APMODE: AI-driven Pharmacokinetic Model Discovery Engine Enabling Reproducible Drug R&D Workflows

APMODE is a regulated pharmacokinetic model discovery engine that integrates five modeling paradigms. It ensures model quality through a strict evidence-gating mechanism and provides auditable, reproducible AI workflows for the pharmaceutical industry.

Pharmacokinetics (PK) studies the absorption, distribution, metabolism, and excretion of drugs in organisms, and it is a core component of new drug R&D. Traditional PK modeling is highly dependent on expert experience, with tedious processes and difficulty ensuring consistency. With the development of artificial intelligence technology, how to safely and controllably introduce AI capabilities into the PK modeling process has become a focus of attention in the pharmaceutical industry.

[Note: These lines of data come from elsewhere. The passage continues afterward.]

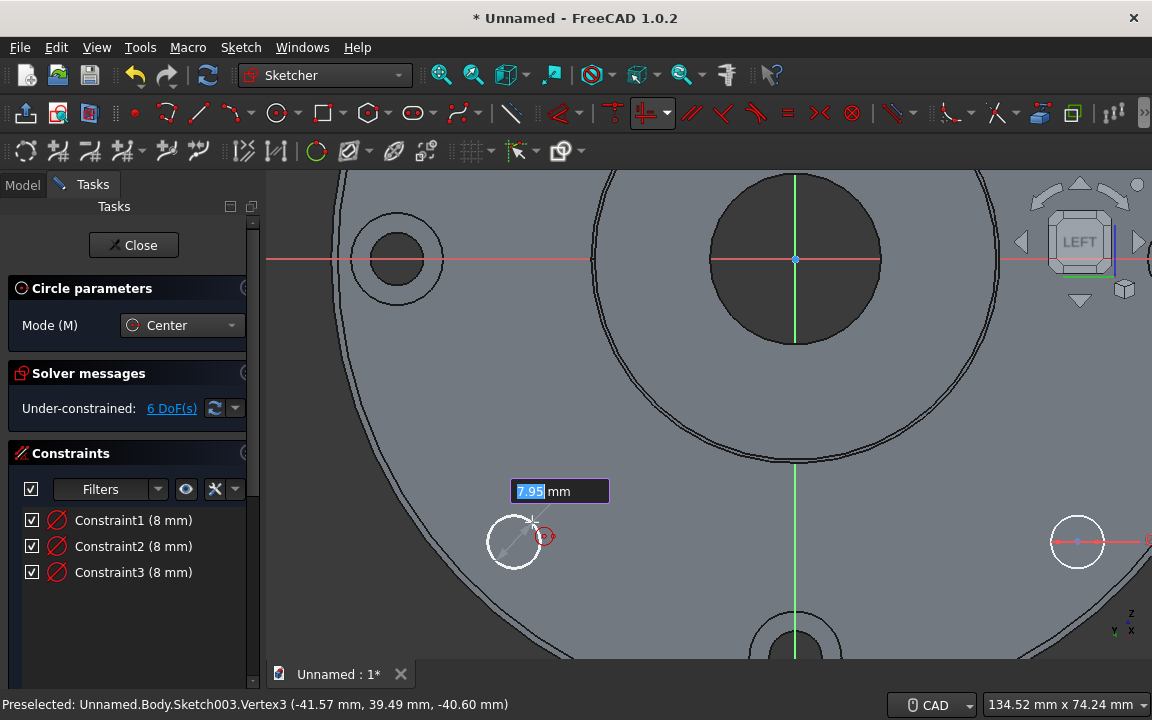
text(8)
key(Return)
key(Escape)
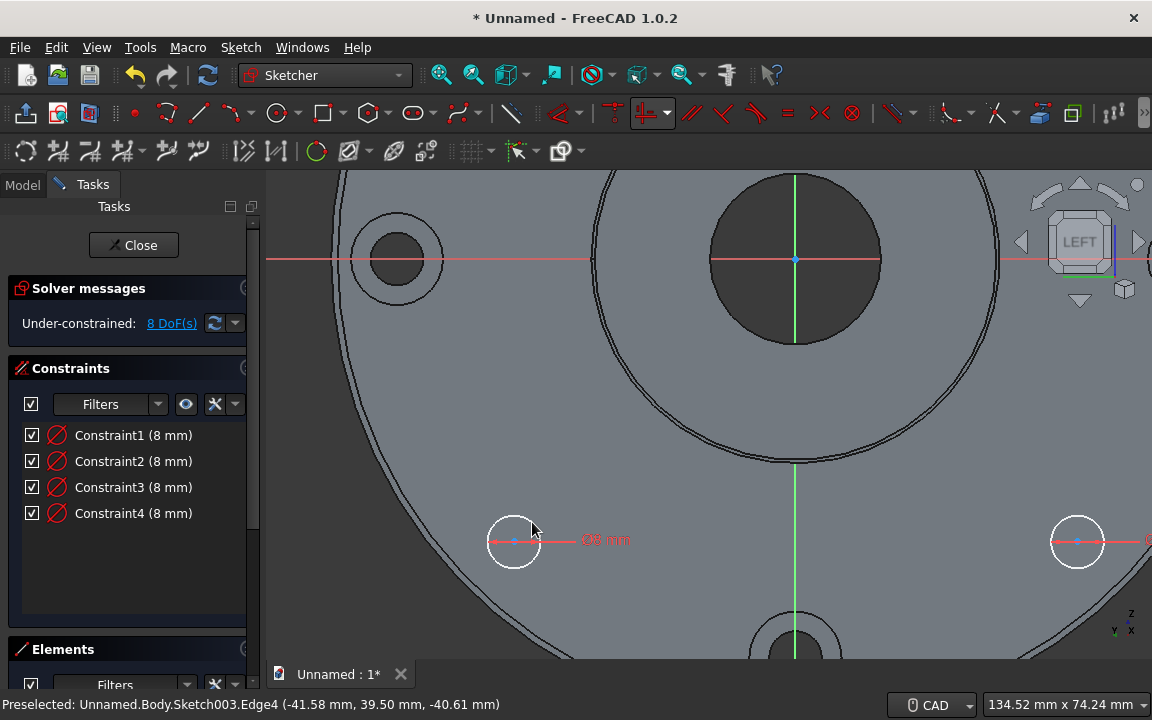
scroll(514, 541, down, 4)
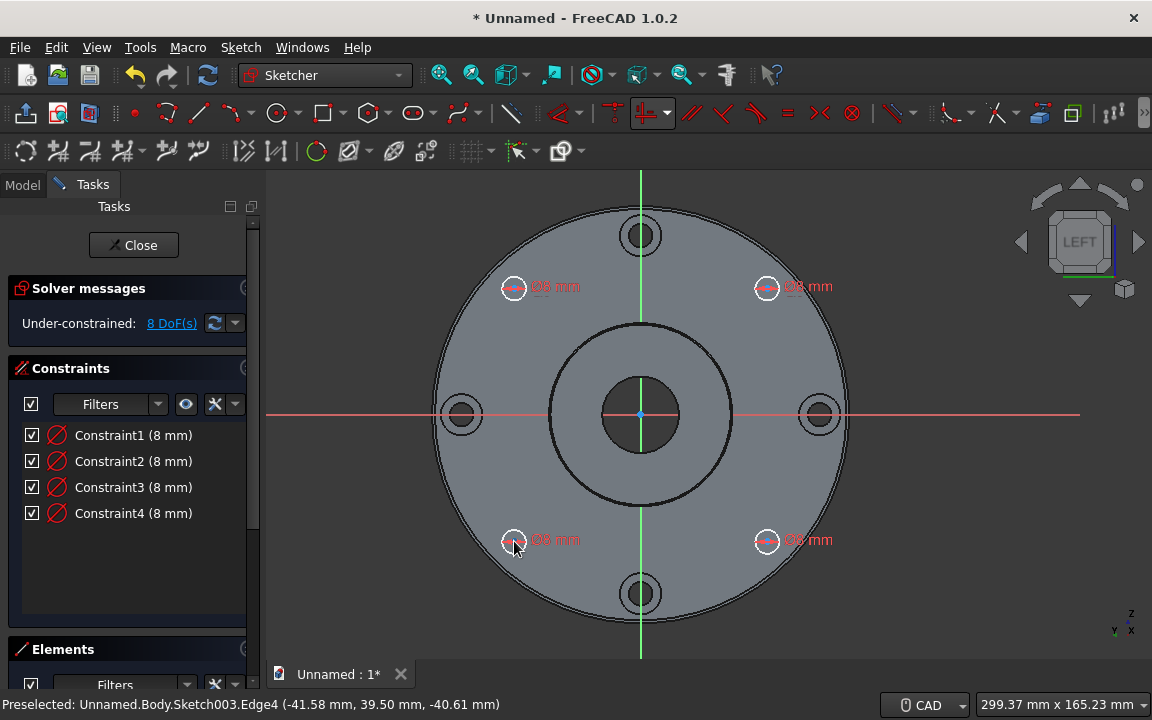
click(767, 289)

APMODE (Adaptive Pharmacokinetic Model Discovery Engine) is a regulated unified meta-system. Its core innovation lies in integrating five PK modeling paradigms into a single discovery workflow:

1. Classical NLME: Structured mixed-effects model based on nlmixr2
2. Automated Structure Search: Evidence-driven deterministic candidate generation
3. Hybrid Mechanism-NODE: Neural differential equation approach based on JAX/Diffrax
4. Agent-based LLM Construction: AI-assisted model building (Phase 3)
5. Bayesian PK: Probabilistic inference based on Stan/Torsten

The core safety guarantee of APMODE is its strict hierarchical gating system. Each candidate model must pass the following verifications to be recommended:

Verify the numerical stability and computational correctness of the model. For Bayesian models, MCMC-specific thresholds are added: R̂ ≤ 1.01, ESS ≥ 400, 0 divergent transitions, E-BFMI ≥ 0.3, Pareto-k ≤ 0.7.

Evaluate whether the model is suitable based on the target use (discovery, optimization, regulatory submission). For example, NODE models are strictly stipulated to never be used for regulatory submissions—this is an unadjustable rule.

Fairly compare and rank candidate models generated by different paradigms through a unified scoring contract.

APMODE introduces Formular—a typed domain-specific language (DSL) designed specifically for PK modeling. It uses a five-section syntax structure:

• Absorption: Modeling of absorption processes
• Distribution: Modeling of distribution processes
• Elimination: Modeling of elimination processes
• Variability: Modeling of inter-individual variability
• Observation: Definition of observation models

The sixth semantic dimension is priors, which are added via SetPrior transformations rather than syntax text filling. Formular specifications are compiled into typed ASTs, verified against pharmacometric constraints, and finally translated into backend-specific code (nlmixr2 R, Stan/Torsten, JAX/Diffrax).